Start of Given information

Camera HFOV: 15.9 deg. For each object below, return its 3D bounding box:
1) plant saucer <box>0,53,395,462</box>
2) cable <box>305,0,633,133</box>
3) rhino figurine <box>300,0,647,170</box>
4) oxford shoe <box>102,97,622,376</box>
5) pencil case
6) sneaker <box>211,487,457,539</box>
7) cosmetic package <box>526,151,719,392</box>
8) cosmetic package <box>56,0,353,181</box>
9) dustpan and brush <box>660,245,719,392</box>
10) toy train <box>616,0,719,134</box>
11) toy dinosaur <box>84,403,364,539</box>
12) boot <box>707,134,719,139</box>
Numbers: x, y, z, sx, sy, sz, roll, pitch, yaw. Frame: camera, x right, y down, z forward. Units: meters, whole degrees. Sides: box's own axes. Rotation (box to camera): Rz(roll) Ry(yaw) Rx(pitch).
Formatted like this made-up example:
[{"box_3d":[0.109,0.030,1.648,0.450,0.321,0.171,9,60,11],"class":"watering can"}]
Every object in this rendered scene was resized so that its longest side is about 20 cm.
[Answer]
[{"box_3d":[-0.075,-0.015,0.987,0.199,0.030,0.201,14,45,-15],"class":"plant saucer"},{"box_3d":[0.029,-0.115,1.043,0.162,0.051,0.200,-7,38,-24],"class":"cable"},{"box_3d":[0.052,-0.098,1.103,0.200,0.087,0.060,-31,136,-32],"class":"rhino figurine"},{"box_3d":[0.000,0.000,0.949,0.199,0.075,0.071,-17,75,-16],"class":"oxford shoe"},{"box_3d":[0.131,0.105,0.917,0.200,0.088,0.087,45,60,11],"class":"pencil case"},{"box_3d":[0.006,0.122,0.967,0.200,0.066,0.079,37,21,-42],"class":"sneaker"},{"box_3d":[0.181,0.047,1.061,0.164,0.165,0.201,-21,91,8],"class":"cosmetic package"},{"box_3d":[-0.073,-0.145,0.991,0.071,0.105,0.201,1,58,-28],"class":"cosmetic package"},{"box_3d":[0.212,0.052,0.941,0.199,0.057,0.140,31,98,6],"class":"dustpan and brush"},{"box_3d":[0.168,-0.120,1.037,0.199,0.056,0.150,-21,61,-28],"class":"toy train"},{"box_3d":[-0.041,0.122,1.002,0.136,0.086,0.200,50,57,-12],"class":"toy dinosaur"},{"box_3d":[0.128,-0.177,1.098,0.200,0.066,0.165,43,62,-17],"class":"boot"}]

End of Given information

Exercise
What is needed is a verbatim copy of the data, complete from first line to last.

Reply
Camera HFOV: 15.9 deg. For each object below, return its 3D bounding box:
1) plant saucer <box>0,53,395,462</box>
2) cable <box>305,0,633,133</box>
3) rhino figurine <box>300,0,647,170</box>
4) oxford shoe <box>102,97,622,376</box>
5) pencil case
6) sneaker <box>211,487,457,539</box>
7) cosmetic package <box>526,151,719,392</box>
8) cosmetic package <box>56,0,353,181</box>
9) dustpan and brush <box>660,245,719,392</box>
10) toy train <box>616,0,719,134</box>
11) toy dinosaur <box>84,403,364,539</box>
12) boot <box>707,134,719,139</box>
Numbers: x, y, z, sx, sy, sz, roll, pitch, yaw. Frame: camera, x right, y down, z forward. Units: meters, whole degrees. Sides: box's own axes. Rotation (box to camera): Rz(roll) Ry(yaw) Rx(pitch).
Formatted like this made-up example:
[{"box_3d":[0.109,0.030,1.648,0.450,0.321,0.171,9,60,11],"class":"watering can"}]
Every object in this rendered scene was resized so that its longest side is about 20 cm.
[Answer]
[{"box_3d":[-0.075,-0.015,0.987,0.199,0.030,0.201,14,45,-15],"class":"plant saucer"},{"box_3d":[0.029,-0.115,1.043,0.162,0.051,0.200,-7,38,-24],"class":"cable"},{"box_3d":[0.052,-0.098,1.103,0.200,0.087,0.060,-31,136,-32],"class":"rhino figurine"},{"box_3d":[0.000,0.000,0.949,0.199,0.075,0.071,-17,75,-16],"class":"oxford shoe"},{"box_3d":[0.131,0.105,0.917,0.200,0.088,0.087,45,60,11],"class":"pencil case"},{"box_3d":[0.006,0.122,0.967,0.200,0.066,0.079,37,21,-42],"class":"sneaker"},{"box_3d":[0.181,0.047,1.061,0.164,0.165,0.201,-21,91,8],"class":"cosmetic package"},{"box_3d":[-0.073,-0.145,0.991,0.071,0.105,0.201,1,58,-28],"class":"cosmetic package"},{"box_3d":[0.212,0.052,0.941,0.199,0.057,0.140,31,98,6],"class":"dustpan and brush"},{"box_3d":[0.168,-0.120,1.037,0.199,0.056,0.150,-21,61,-28],"class":"toy train"},{"box_3d":[-0.041,0.122,1.002,0.136,0.086,0.200,50,57,-12],"class":"toy dinosaur"},{"box_3d":[0.128,-0.177,1.098,0.200,0.066,0.165,43,62,-17],"class":"boot"}]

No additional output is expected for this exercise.